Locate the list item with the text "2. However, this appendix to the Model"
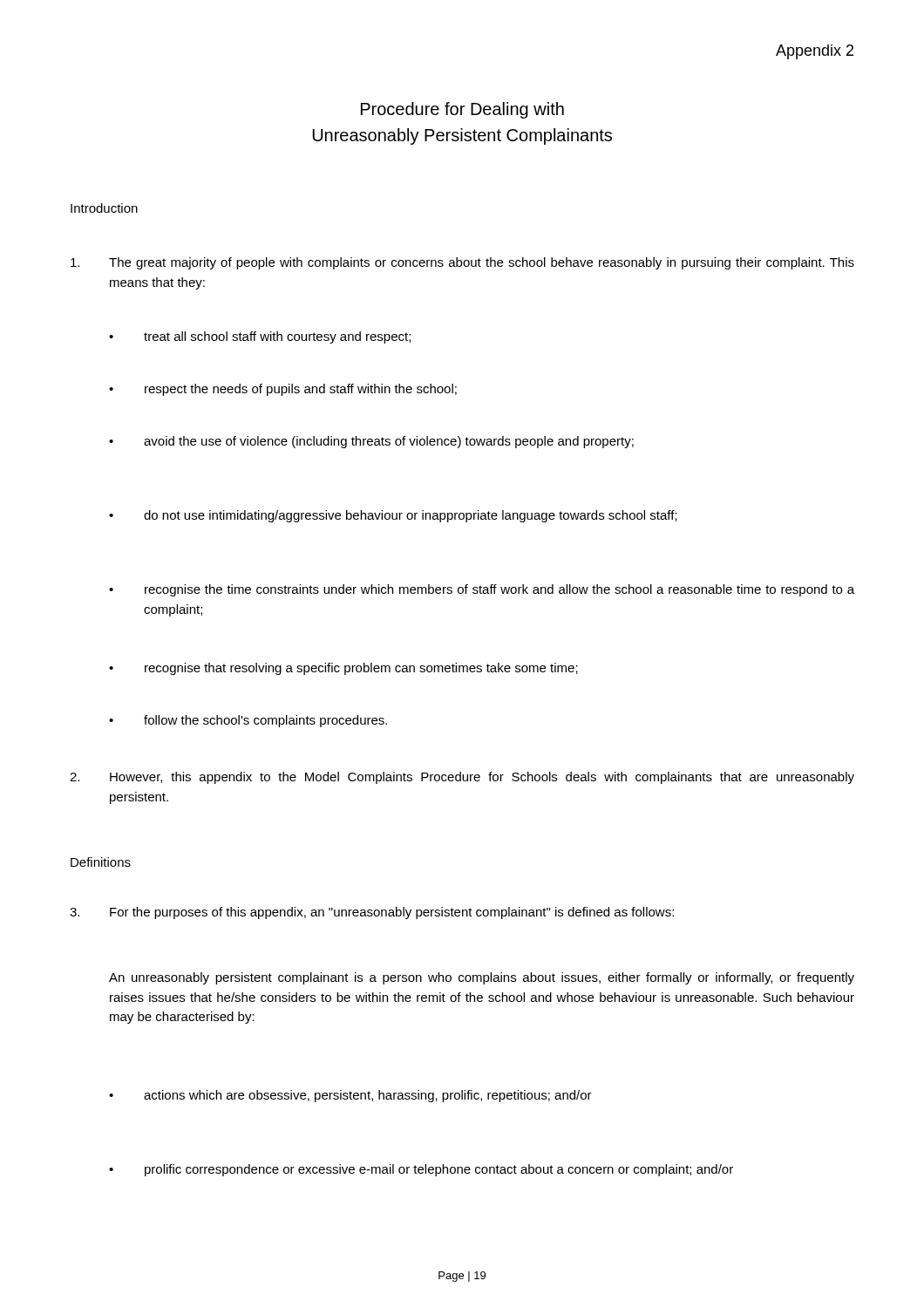 pos(462,787)
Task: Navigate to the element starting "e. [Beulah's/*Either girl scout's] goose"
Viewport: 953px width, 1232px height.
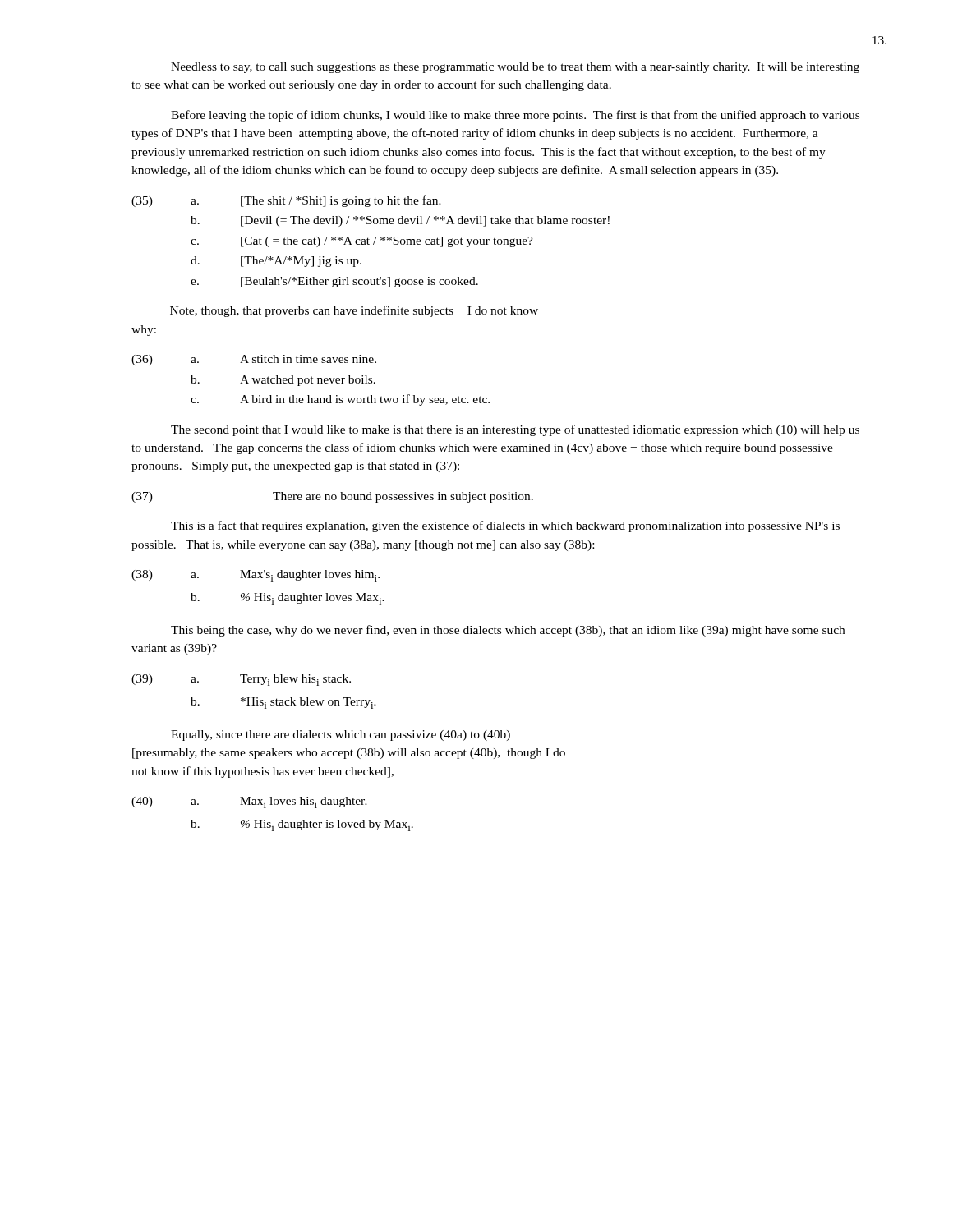Action: (x=334, y=282)
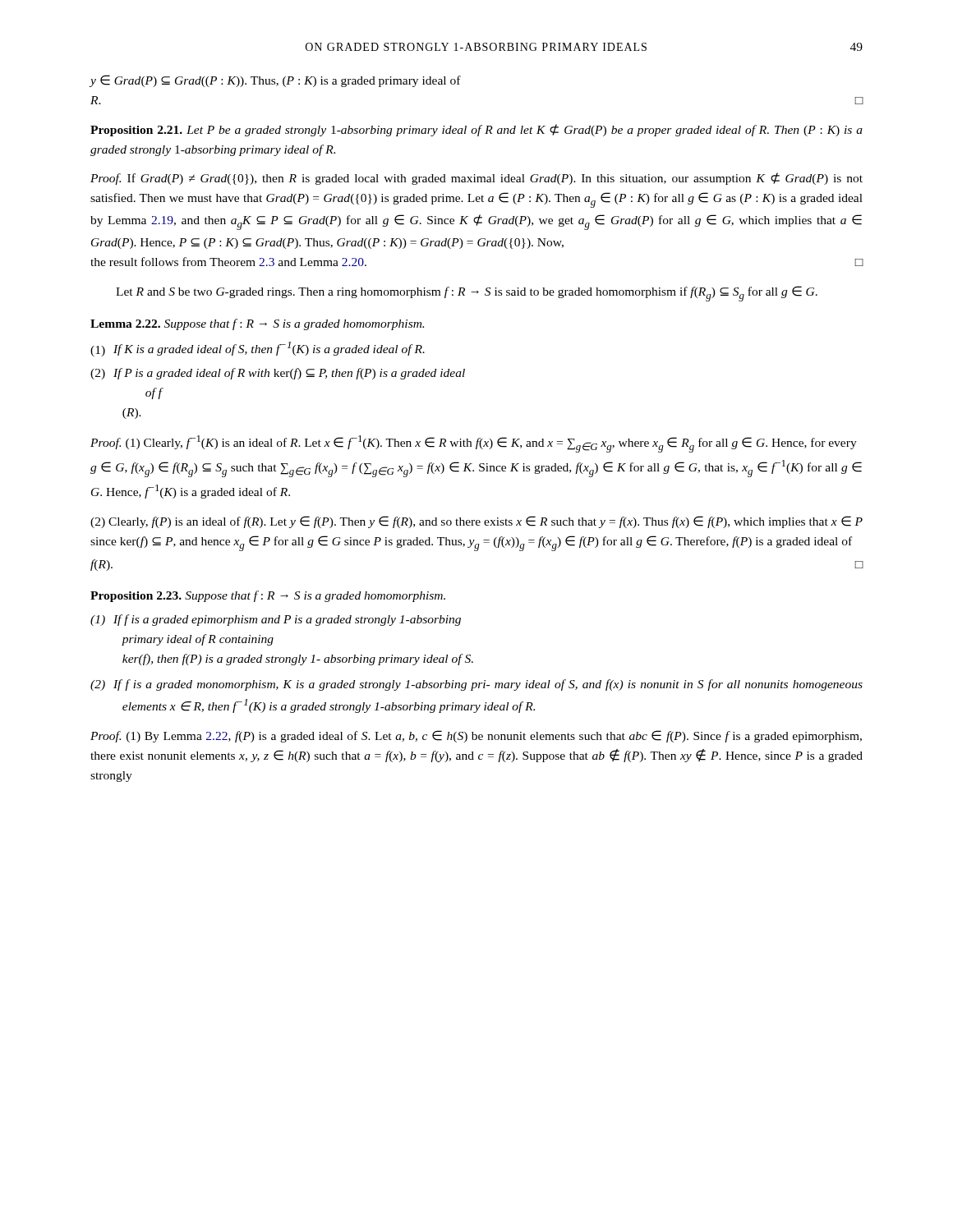Find the list item that says "(2)If P is a graded ideal of R"

[278, 374]
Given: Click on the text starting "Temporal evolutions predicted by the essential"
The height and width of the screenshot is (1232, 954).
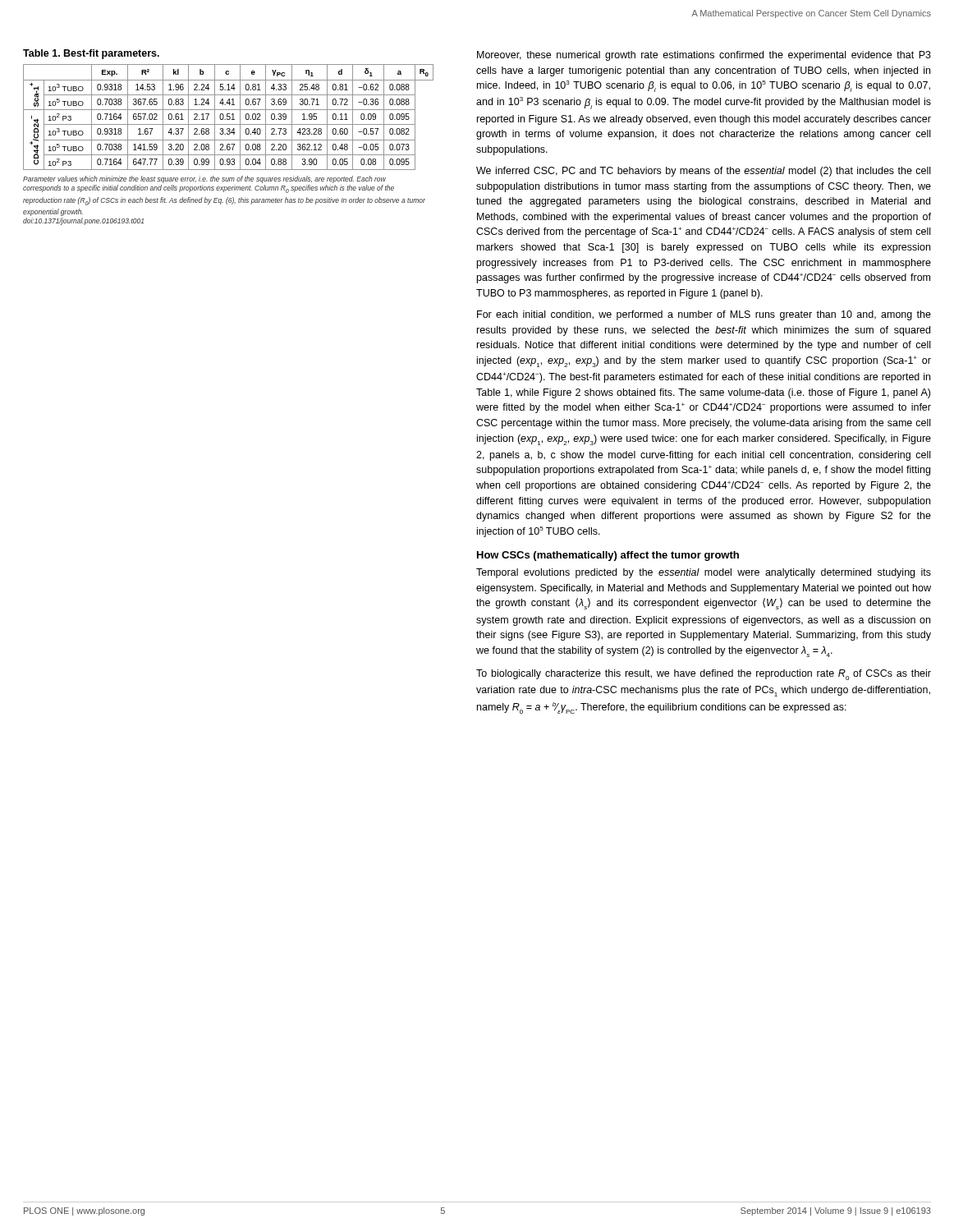Looking at the screenshot, I should pos(704,612).
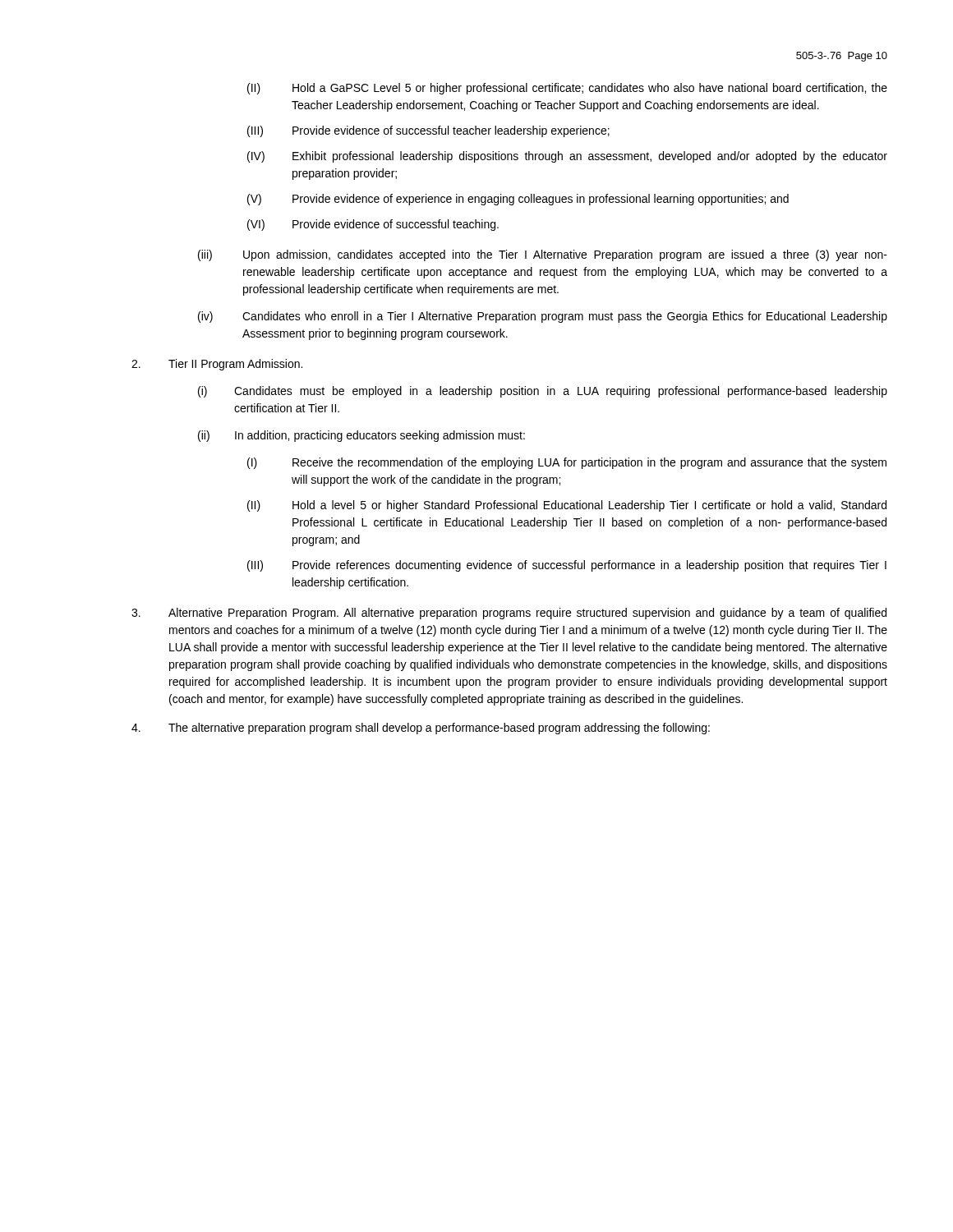
Task: Locate the passage starting "(ii) In addition, practicing educators"
Action: [x=361, y=436]
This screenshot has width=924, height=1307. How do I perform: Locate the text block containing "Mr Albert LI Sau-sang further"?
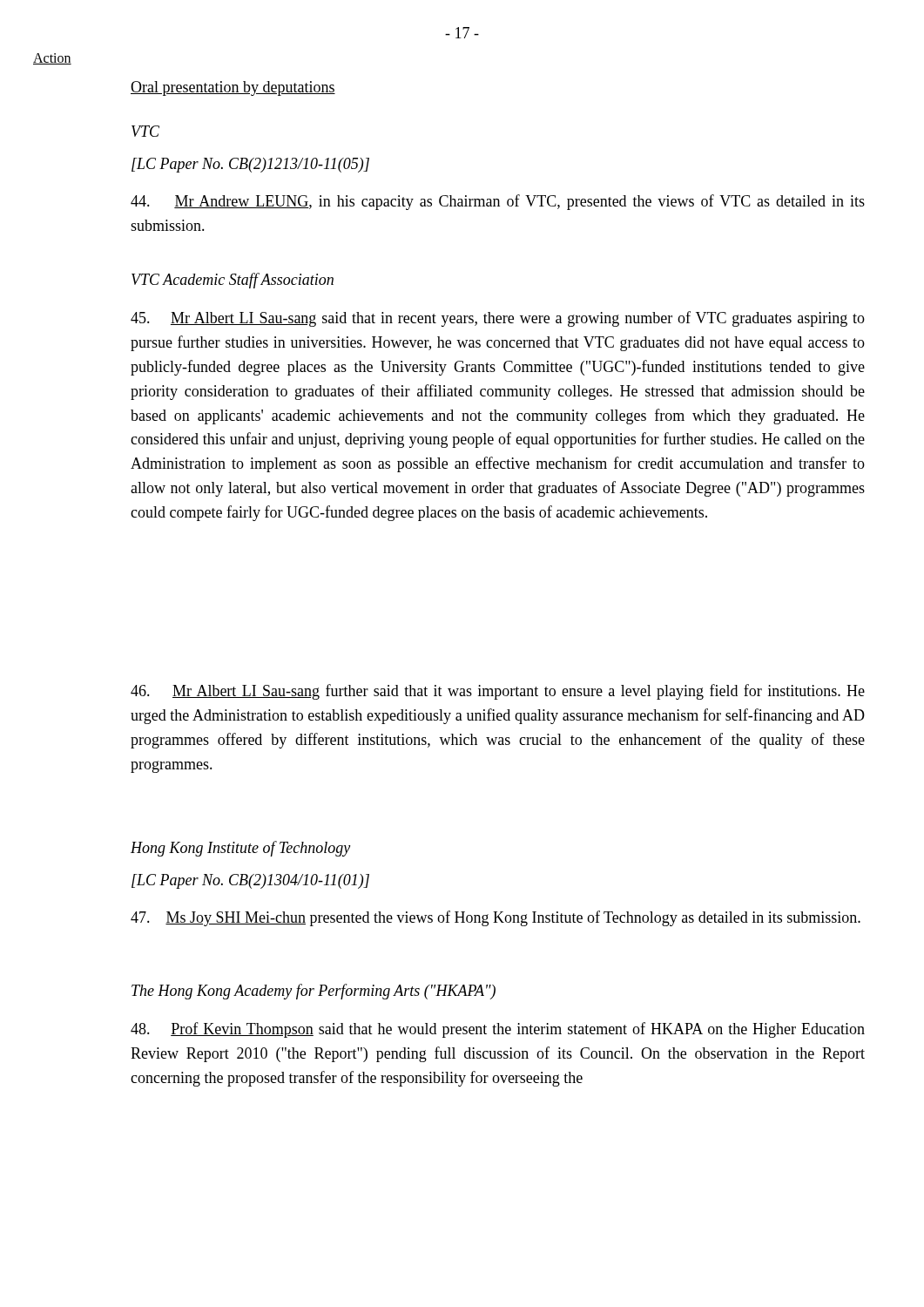pos(498,728)
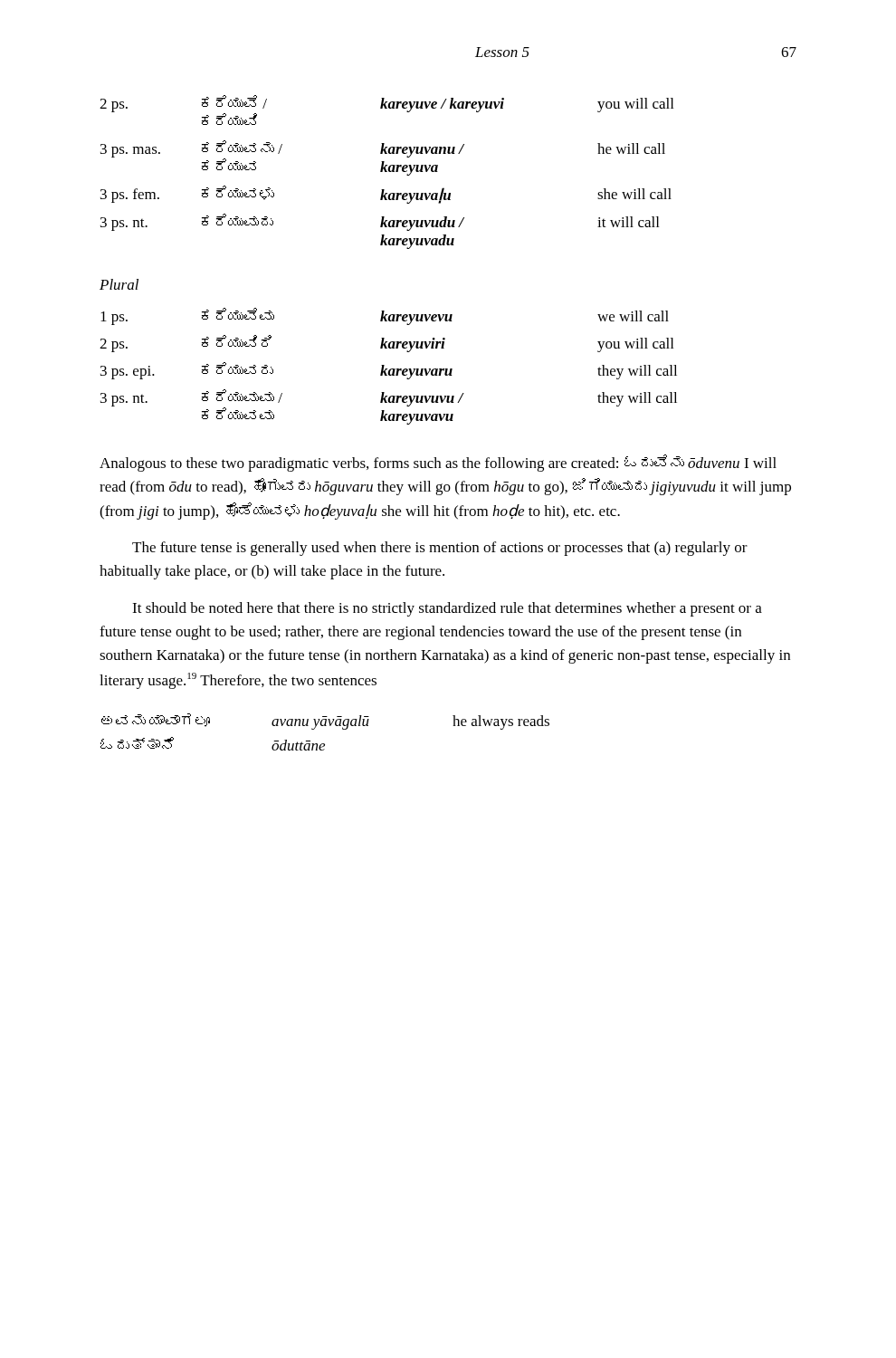Find the list item with the text "ಅವನು ಯಾವಾಗಲೂಓದುತ್ತಾನೆ avanu"

pyautogui.click(x=325, y=733)
━━━━━━━━━━
▶ YOUR OBJECTIVE
Set down exactly, and only, the lines from the one containing "Viewport: 953px width, 1232px height." through the last line of the entries. Pictures do not belong in the copy.

▶ YOUR RESPONSE
Viewport: 953px width, 1232px height.
Action: (x=334, y=282)
Find the list item that says "(2)If P is a graded ideal of R"

[278, 374]
Given: Click on the text starting "Temporal evolutions predicted by the essential"
The height and width of the screenshot is (1232, 954).
Looking at the screenshot, I should pos(704,612).
Task: Locate the passage starting "(ii) In addition, practicing educators"
Action: [x=361, y=436]
This screenshot has width=924, height=1307. How do I perform: Locate the text block containing "Mr Albert LI Sau-sang further"?
pos(498,728)
Find the list item with the text "ಅವನು ಯಾವಾಗಲೂಓದುತ್ತಾನೆ avanu"

pyautogui.click(x=325, y=733)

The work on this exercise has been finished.